We know from Commerce Department figures that flat-rolled steel imports have been running at or above one million short tons a month since May – well above a monthly average of approximately 800,000 short tons over the last two years.

We hope that the data series below will allow us to catch such shifts in something closer to real time – in other words, ahead of the government numbers.

SMU tries to look at big questions – such as import buying patterns – from multiple angles. We’ve looked at this one from both service center and manufacturer perspectives. With that in mind, let’s dive into the data.

We know that about 75-80% of service center respondents to our surveys buy foreign steel:

Survey Story Oct 17 2021 Chart 1And we know that roughly a two-thirds of manufacturer respondents do as well:

Survey Story Oct 17 2021 Chart 2

As you can see in the charts above, those figures might vary from week to week.
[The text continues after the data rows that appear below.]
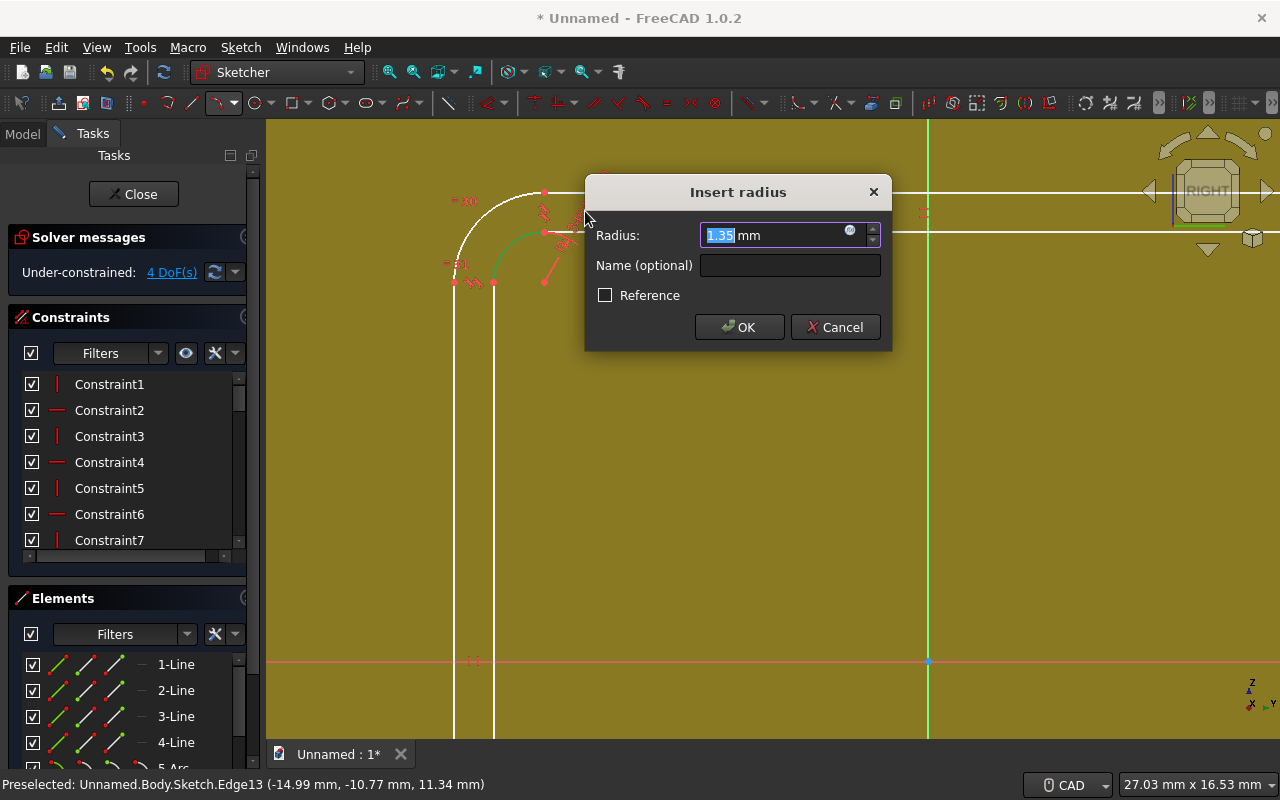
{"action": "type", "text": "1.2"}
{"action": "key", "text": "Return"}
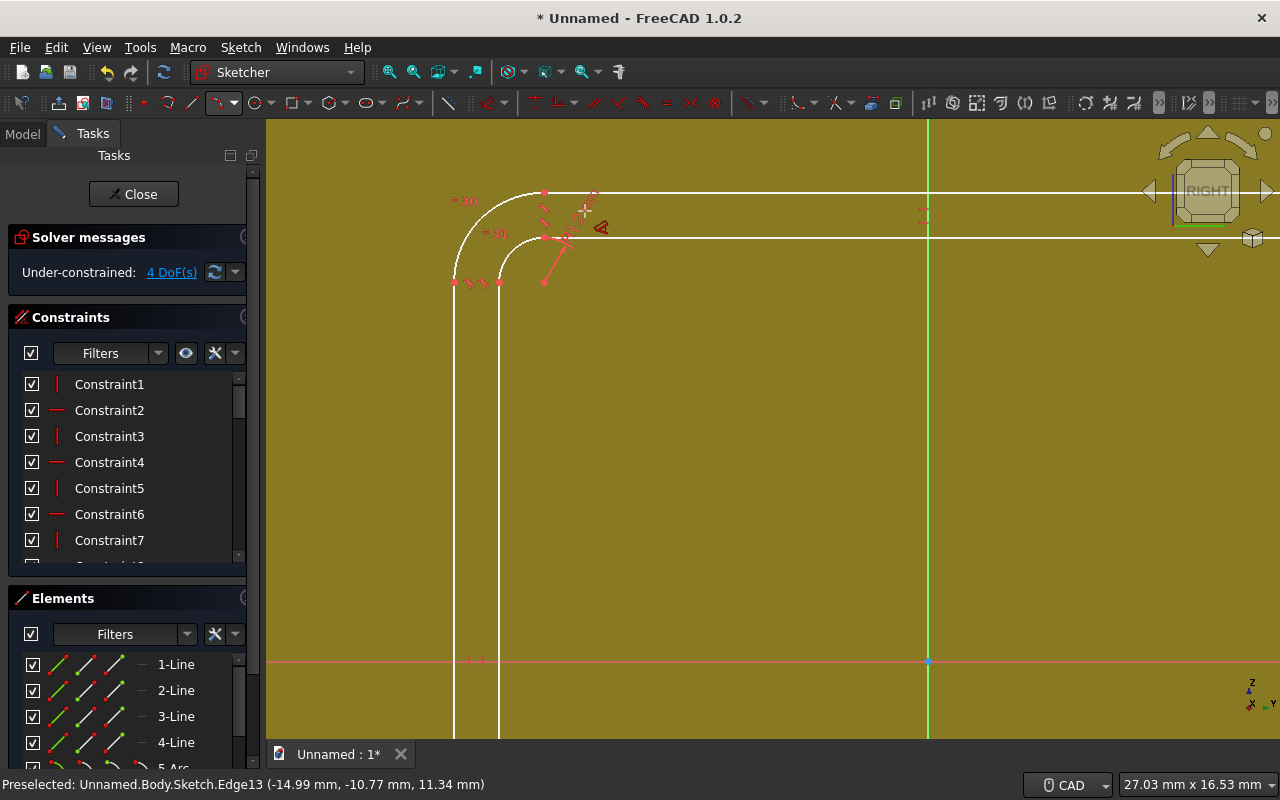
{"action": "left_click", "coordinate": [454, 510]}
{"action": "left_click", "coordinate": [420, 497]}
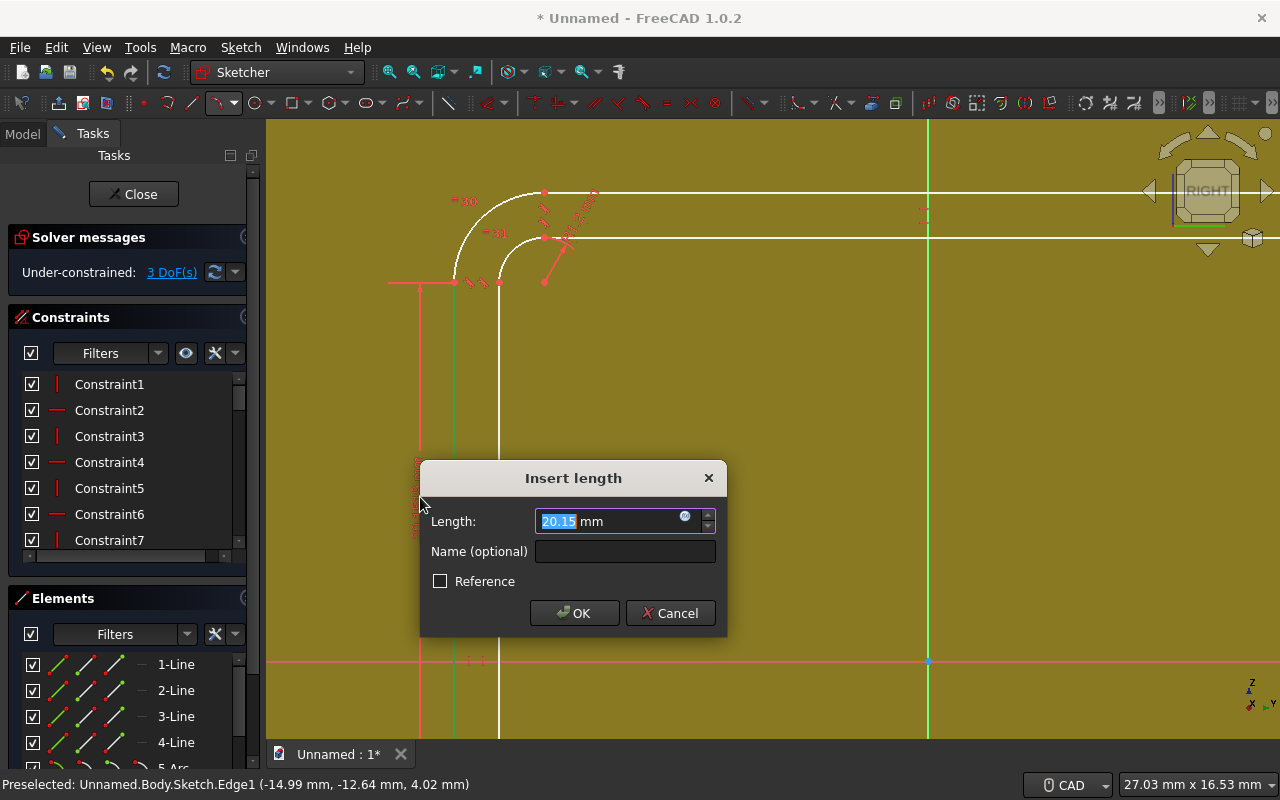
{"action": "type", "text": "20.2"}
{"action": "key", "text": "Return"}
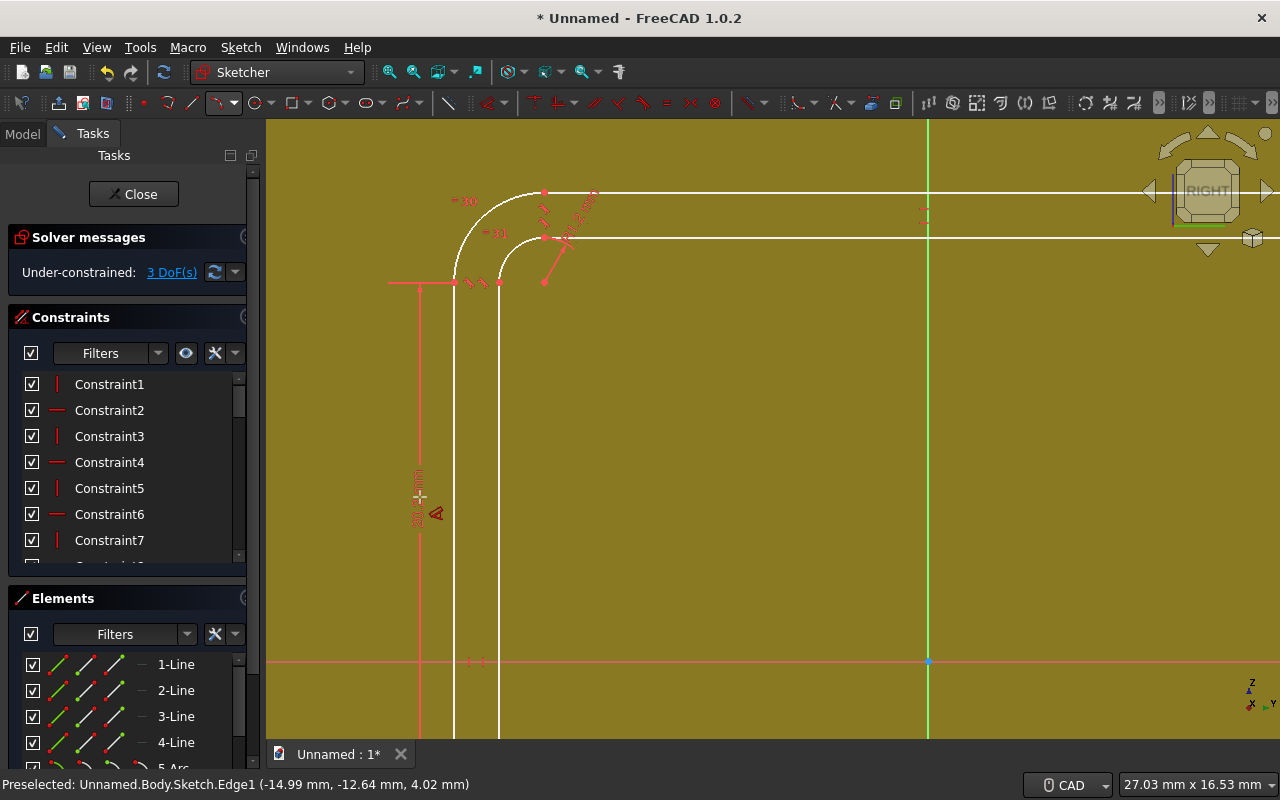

But the general trend hasn’t changed much going back to the first quarter of 2020.

What has changed is the competitiveness of foreign steel prices compared to domestic steel prices. U.S. prices went from being the lowest prices in the world last summer to the highest in the world today.

The result: Both service center and manufacturer respondents report that imports are far more attractive now than they were in the first half of the year.

I’d read these next two charts as a cage match between green and purple. The green bars are imports being more competitive, and the purple bars are domestic prices being more competitive. Import prices (green) body slammed domestic steel prices (purple) at the outset of Q2, and domestic steel prices haven’t been able to fight their way back since.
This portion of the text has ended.